Dr. Hari Bhathal is the director of Neurocenter Barcelona, part of the Teknon Medical Center. He has a degree in Medicine and Surgery from the Universidad Autónoma de Madrid and a specialization in neurology from M.I.R.. He completed his subspecialty in epilepsy at the Montreal Neurological Institute.

Subsequently, he has developed his expertise in several prestigious centers, being employed mainly in epilepsy units. He also developed his work at the Hospital Nacional de Parapléjicos (National Hospital for Paraplegics), where he deepened his knowledge of neuropathic pain and spasticity and their treatment.

Throughout his career, he has participated in multiple clinical trials, mainly in epilepsy, as Principal Investigator. In the field of cannabinoids, he has been Principal Investigator in clinical trials with CBD for Dravet syndrome, Lennox-Gastaut syndrome, tuberous sclerosis, and Rett syndrome. He has advised patients with different neurological diseases about the possibility of treatment with cannabinoids.

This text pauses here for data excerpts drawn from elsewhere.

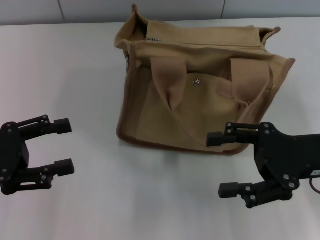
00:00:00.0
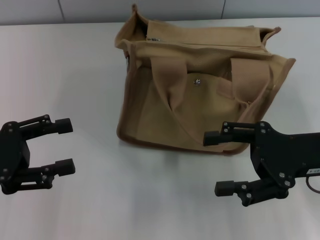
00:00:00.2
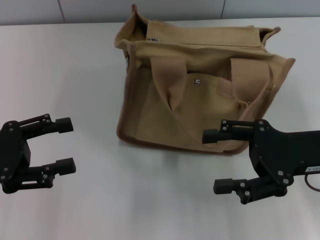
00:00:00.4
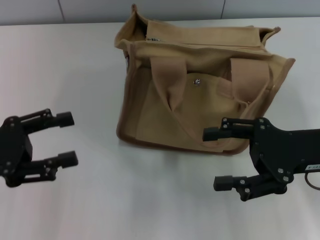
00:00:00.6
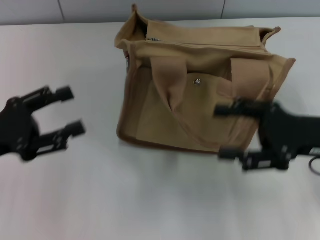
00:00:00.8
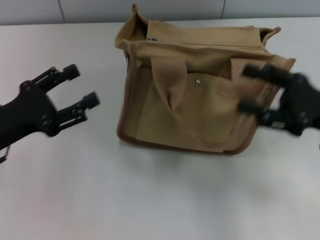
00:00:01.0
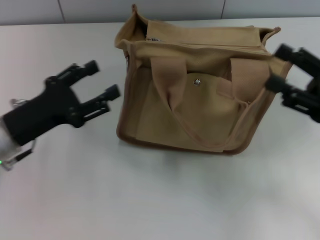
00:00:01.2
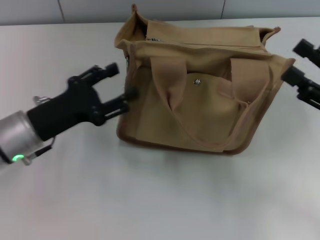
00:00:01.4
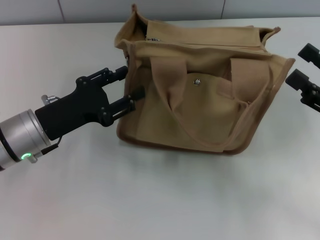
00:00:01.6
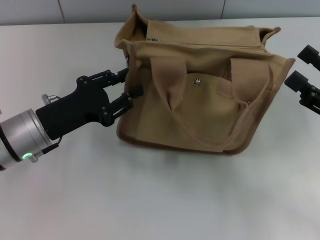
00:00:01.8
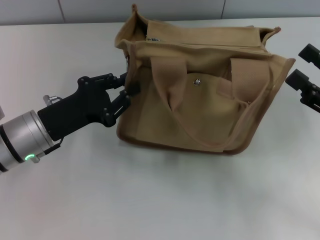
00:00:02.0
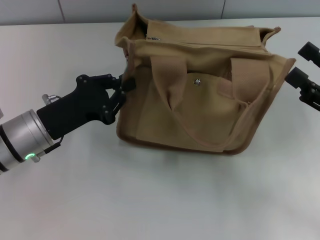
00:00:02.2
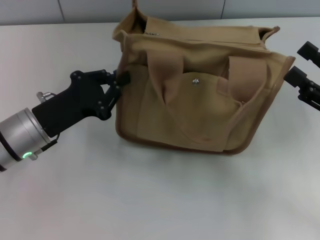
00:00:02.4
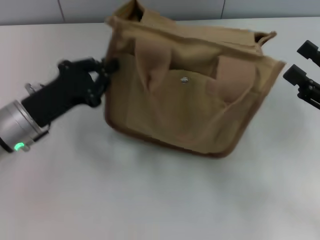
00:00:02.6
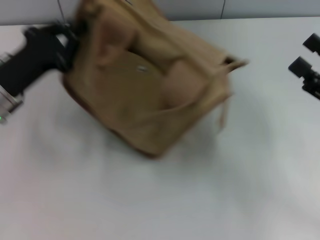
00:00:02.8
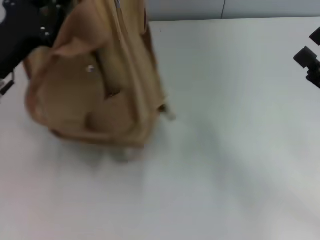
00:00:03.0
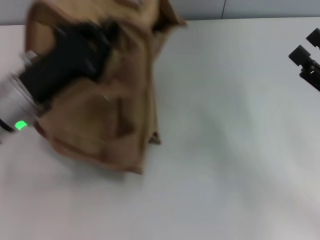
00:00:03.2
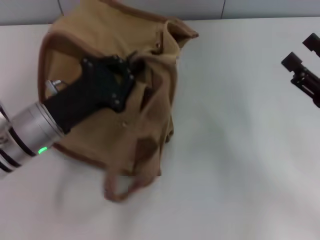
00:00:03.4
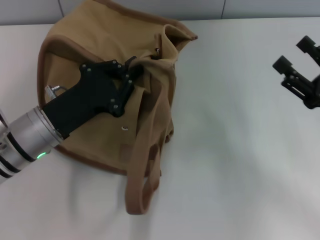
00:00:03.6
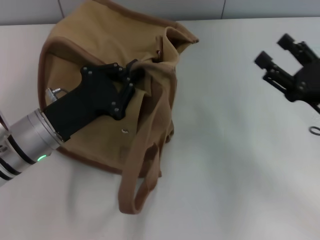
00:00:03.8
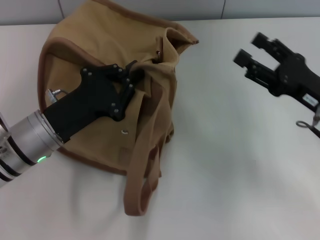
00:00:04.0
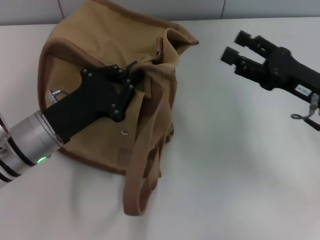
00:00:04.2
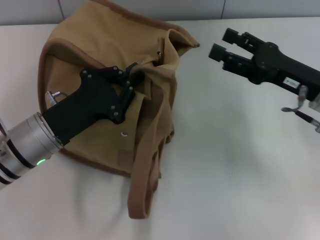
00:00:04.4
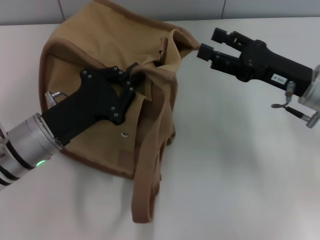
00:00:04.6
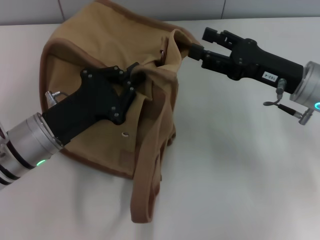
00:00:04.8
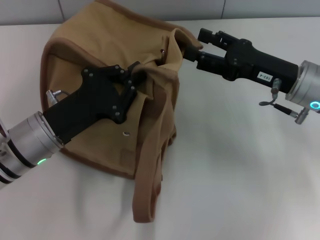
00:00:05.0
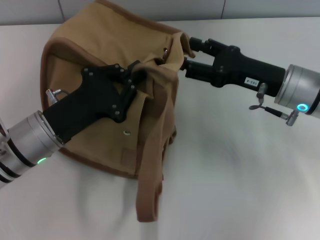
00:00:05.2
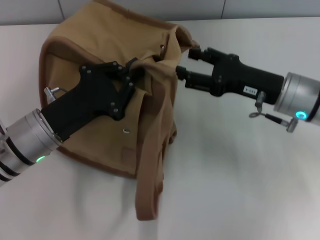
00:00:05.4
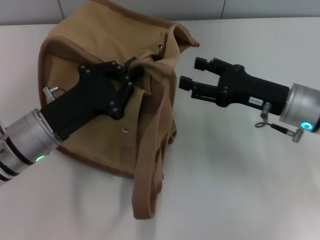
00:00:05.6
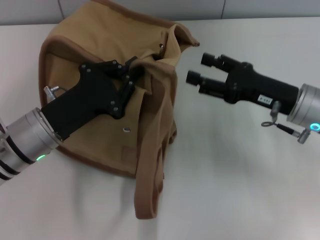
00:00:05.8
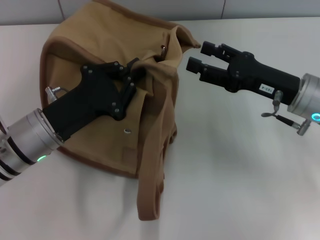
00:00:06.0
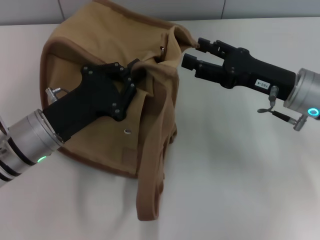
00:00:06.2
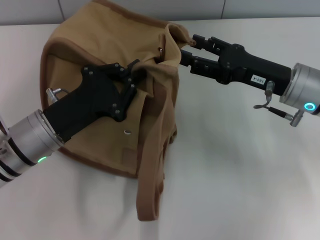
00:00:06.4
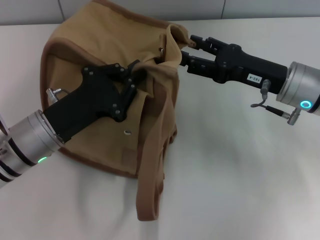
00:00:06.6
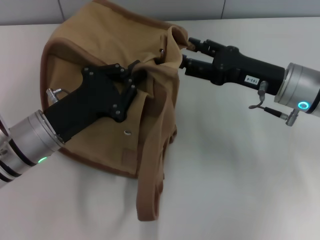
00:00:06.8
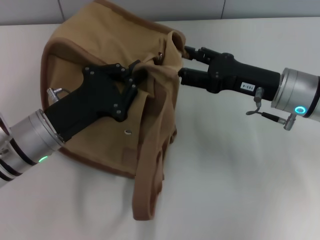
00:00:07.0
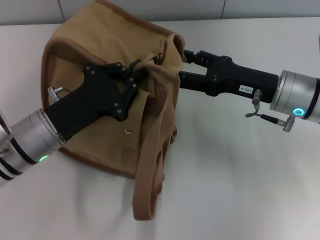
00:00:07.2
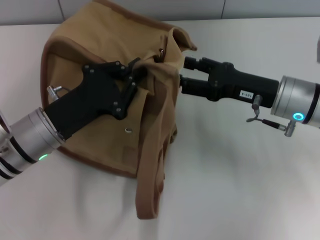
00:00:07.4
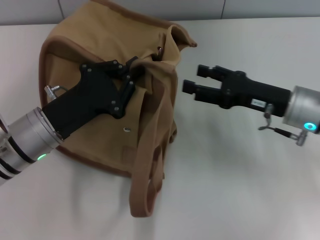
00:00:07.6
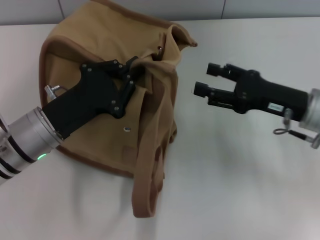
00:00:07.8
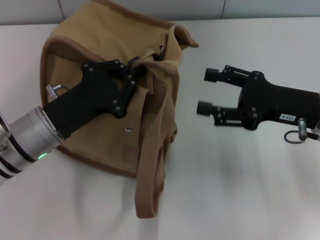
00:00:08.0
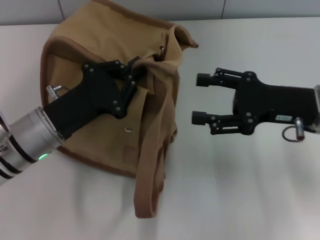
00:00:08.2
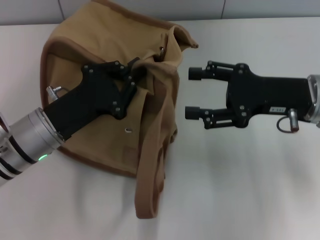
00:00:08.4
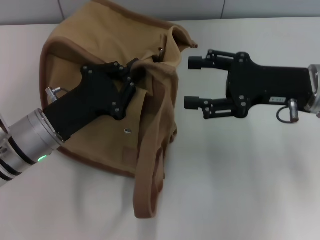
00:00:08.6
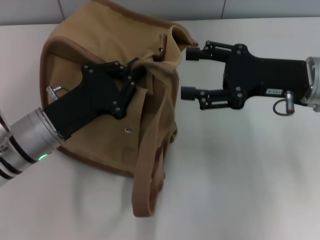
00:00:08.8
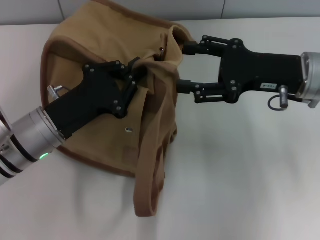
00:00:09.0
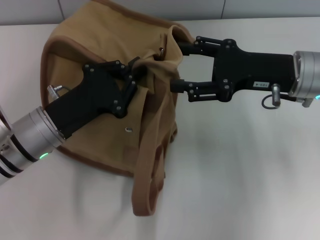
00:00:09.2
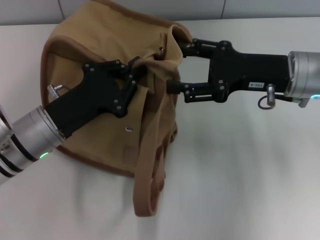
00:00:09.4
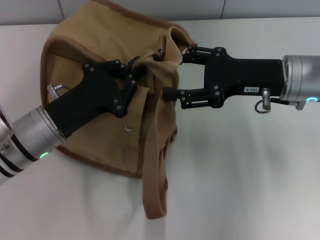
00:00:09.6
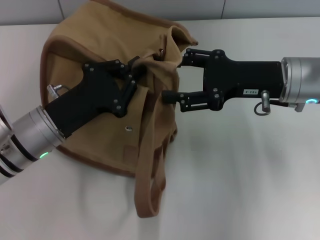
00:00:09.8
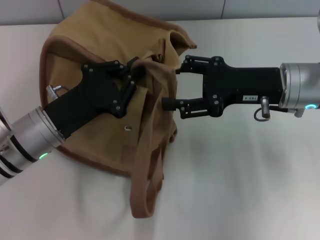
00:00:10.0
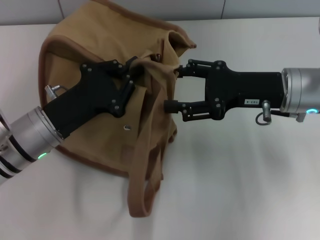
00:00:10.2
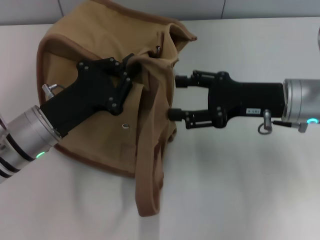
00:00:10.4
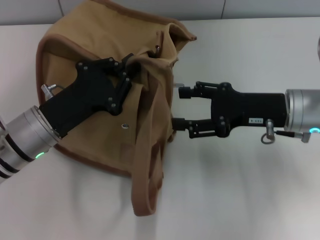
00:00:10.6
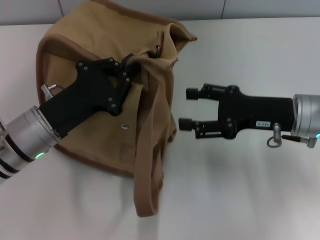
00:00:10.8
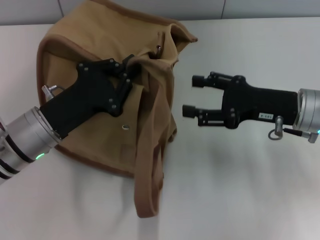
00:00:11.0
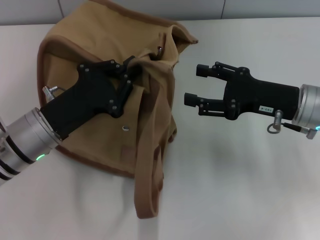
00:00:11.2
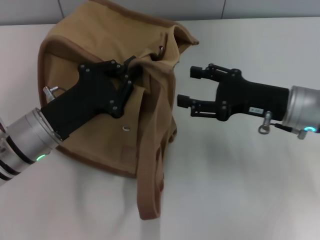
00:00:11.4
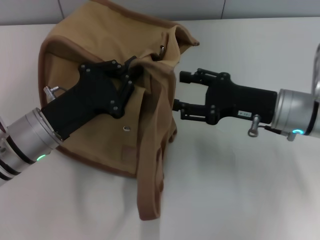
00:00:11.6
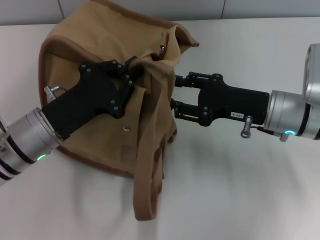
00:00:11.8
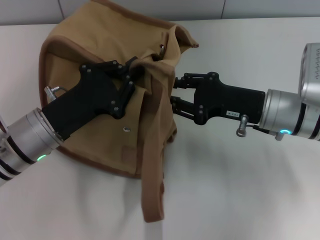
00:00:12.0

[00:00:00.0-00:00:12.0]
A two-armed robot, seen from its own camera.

The cannabis plant has been cultivated for about 8000 years because of the different properties it offers. In antiquity it was mainly used as an industrial product: as construction material, cordage, textiles, and food (oils). Its second, psychotropic, use was not only recreational, but also involved religious rites, shamanism, and divination in different cultures and civilizations. The third main use of cannabis is medical, and in neurology, the first documents attesting to it date back to 2000-1000 BC, mainly in treating epilepsy and pain.

Cannabis contains approximately 100-150 terpenophenolic compounds, the most abundant being THC and CBD. These are the compounds that have most attracted the attention of the scientific community for their possible therapeutic qualities. The chemical structure of cannabinoids and the mechanism by which they act on the brain have been studied since the 1960s. Cannabinoids have specific receptors in the organism (CB1 and CB2), and at the level of the brain they produce retrograde signalling in the neuronal synapse, with a negative feedback effect. This produces anti-inflammatory, analgesic, and anti-epileptic effects. These studies have been carried out on animals and in vitro. Cannabinoids have different routes of administration (oral, inhalation, transdermal), and are preferentially deposited in fatty tissue and in the brain. Side effects are generally considered mild, except in psychiatry, as it can produce paranoid delirium, dissociative states, and panic attacks.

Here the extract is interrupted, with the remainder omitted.